Müjde gerçeğine uygun davranmadıklarını görünce hepsinin önünde Kefas'a şöyle dedim: “Yahudi olduğun halde Yahudi gibi değil, öteki uluslardan biri gibi yaşıyorsun, nasıl olur da ulusları Yahudi gibi yaşamaya zorlarsın?
15 We by nature are Jews, and not of the Gentiles sinners.
Doğuştan Yahudi olan bizler öteki uluslardan olan ‘günahlılar’ değiliz.
16 But knowing that man is not justified by the works of the law, but by the faith of Jesus Christ; we also believe in Christ Jesus, that we may be justified by the faith of Christ, and not by the works of the law: because by the works of the law no flesh shall be justified.
Yine de insanın Kutsal Yasa'nın gereklerini yaparak değil, İsa Mesih'e iman ederek aklandığını biliyoruz. Bunun için biz de Yasa'nın gereklerini yaparak değil, Mesih'e iman ederek aklanalım diye Mesih İsa'ya iman ettik. Çünkü hiç kimse Yasa'nın gereklerini yaparak aklanmaz.
17 But if while we seek to be justified in Christ, we ourselves also are found sinners; is Christ then the minister of sin?
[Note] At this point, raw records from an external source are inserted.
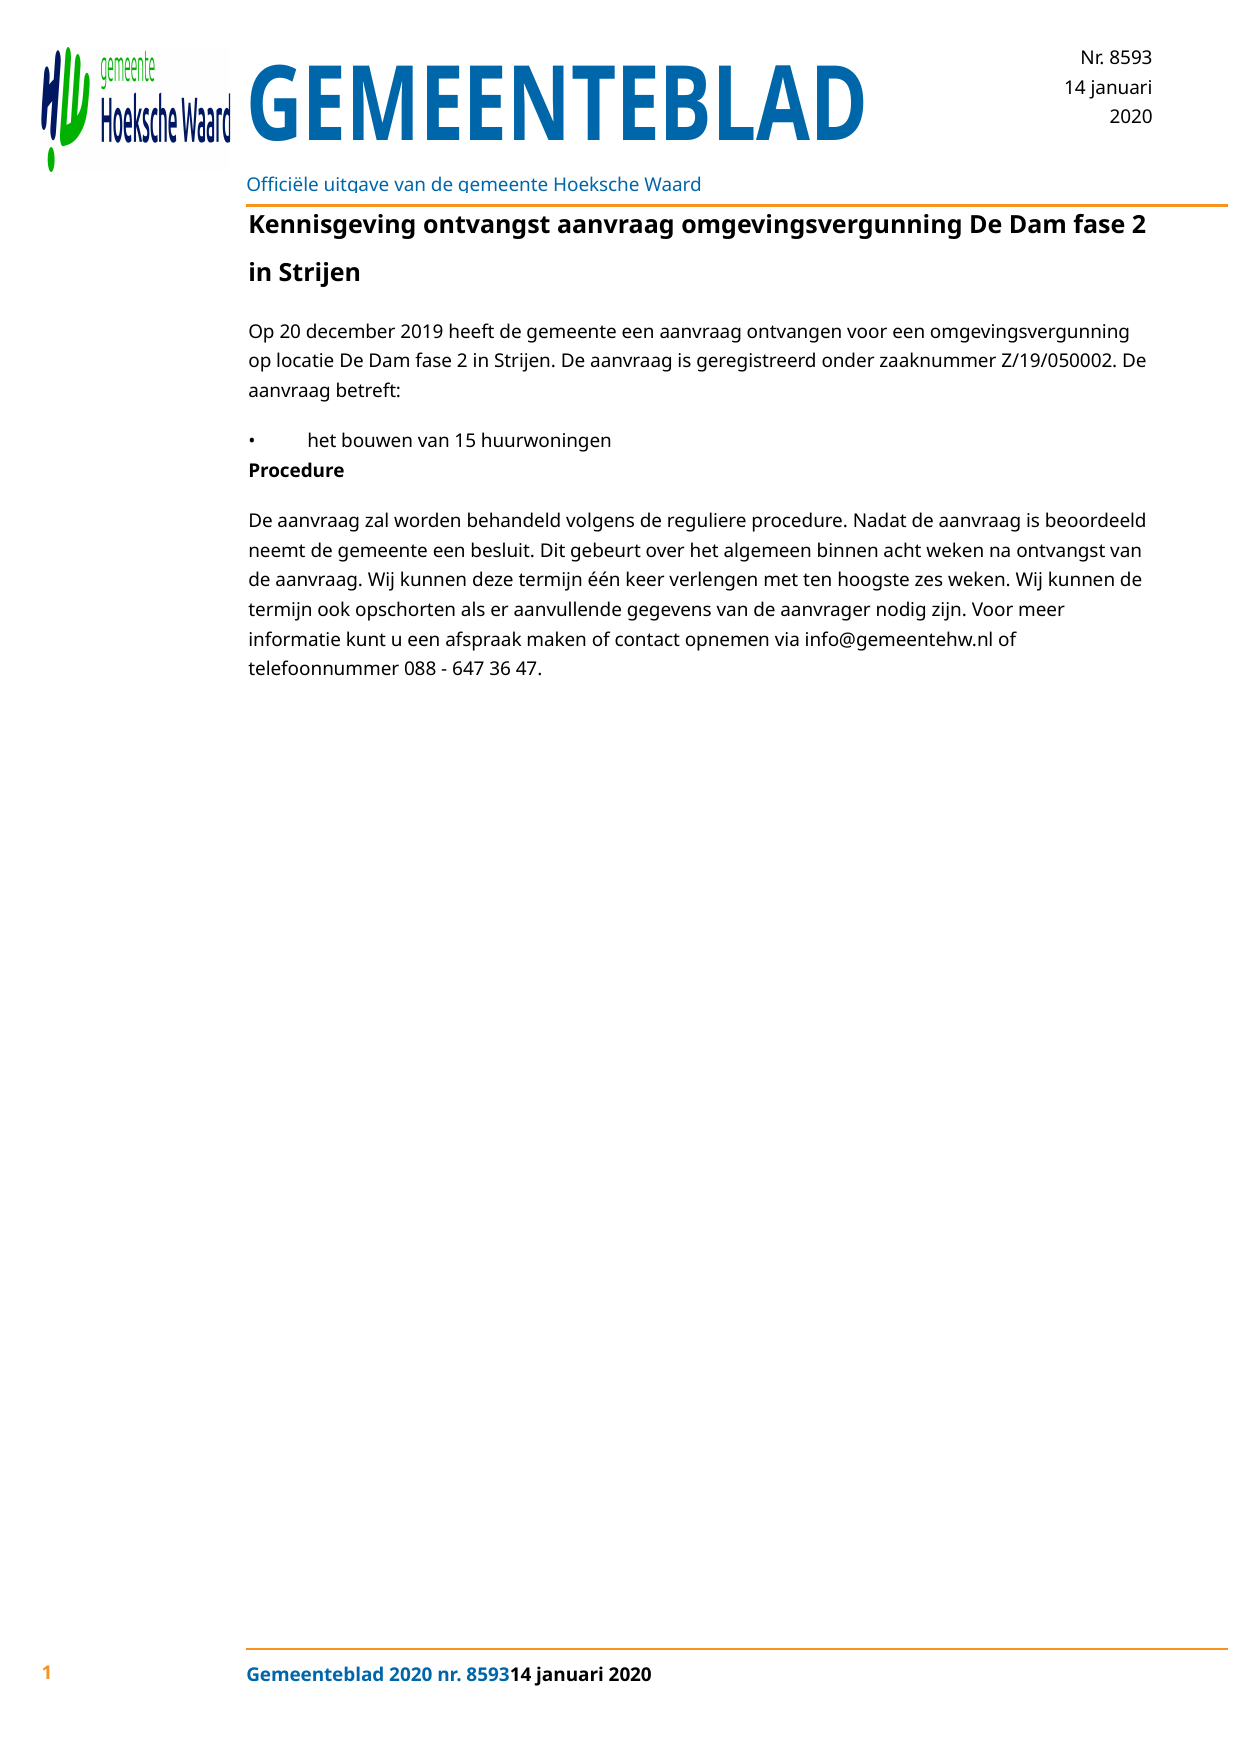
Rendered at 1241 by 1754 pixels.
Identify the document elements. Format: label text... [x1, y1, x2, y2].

text De aanvraag zal worden behandeld volgens de reguliere procedure. Nadat de aanvraag is beoordeeld neemt de gemeente een besluit. Dit gebeurt over het algemeen binnen acht weken na ontvangst van de aanvraag. Wij kunnen deze termijn één keer verlengen met ten hoogste zes weken. Wij kunnen de termijn ook opschorten als er aanvullende gegevens van de aanvrager nodig zijn. Voor meer informatie kunt u een afspraak maken of contact opnemen via info@gemeentehw.nl of telefoonnummer 088 - 647 36 47. [248, 507, 1152, 681]
text Op 20 december 2019 heeft de gemeente een aanvraag ontvangen voor een omgevingsvergunning op locatie De Dam fase 2 in Strijen. De aanvraag is geregistreerd onder zaaknummer Z/19/050002. De aanvraag betreft: [248, 318, 1152, 403]
text Kennisgeving ontvangst aanvraag omgevingsvergunning De Dam fase 2 in Strijen [248, 207, 1152, 288]
list het bouwen van 15 huurwoningen [248, 427, 1152, 453]
picture [41, 47, 231, 172]
text Procedure [248, 457, 1152, 483]

God forbid.
Mesih'te aklanmak isterken kendimiz günahlı çıkarsak, Mesih günahın yardakçısı mı olur? Kesinlikle hayır!
18 For if I build up again the things which I have destroyed, I make myself a prevaricator.
Yıktığımı yeniden kurarsam, yasayı çiğnediğimi kanıtlamış olurum.
19 For I, through the law, am dead to the law, that I may live to God: with Christ I am nailed to the cross.
Çünkü ben Tanrı için yaşamak üzere Yasa aracılığıyla Yasa karşısında öldüm.
20 And I live, now not I; but Christ liveth in me. And that I live now in the flesh: I live in the faith of the Son of God, who loved me, and delivered himself for me.
Mesih'le birlikte çarmıha gerildim. Artık ben yaşamıyorum, Mesih bende yaşıyor. Şimdi bedende sürdürdüğüm yaşamı, beni seven ve benim için kendini feda eden Tanrı Oğlu'na imanla sürdürüyorum.
21 I cast not away the grace of God. For if justice be by the law, then Christ died in vain.
Tanrı'nın lütfunu geçersiz saymış değilim. Çünkü aklanma Yasa aracılığıyla sağlanabilseydi, o zaman Mesih boş yere ölmüş olurdu.”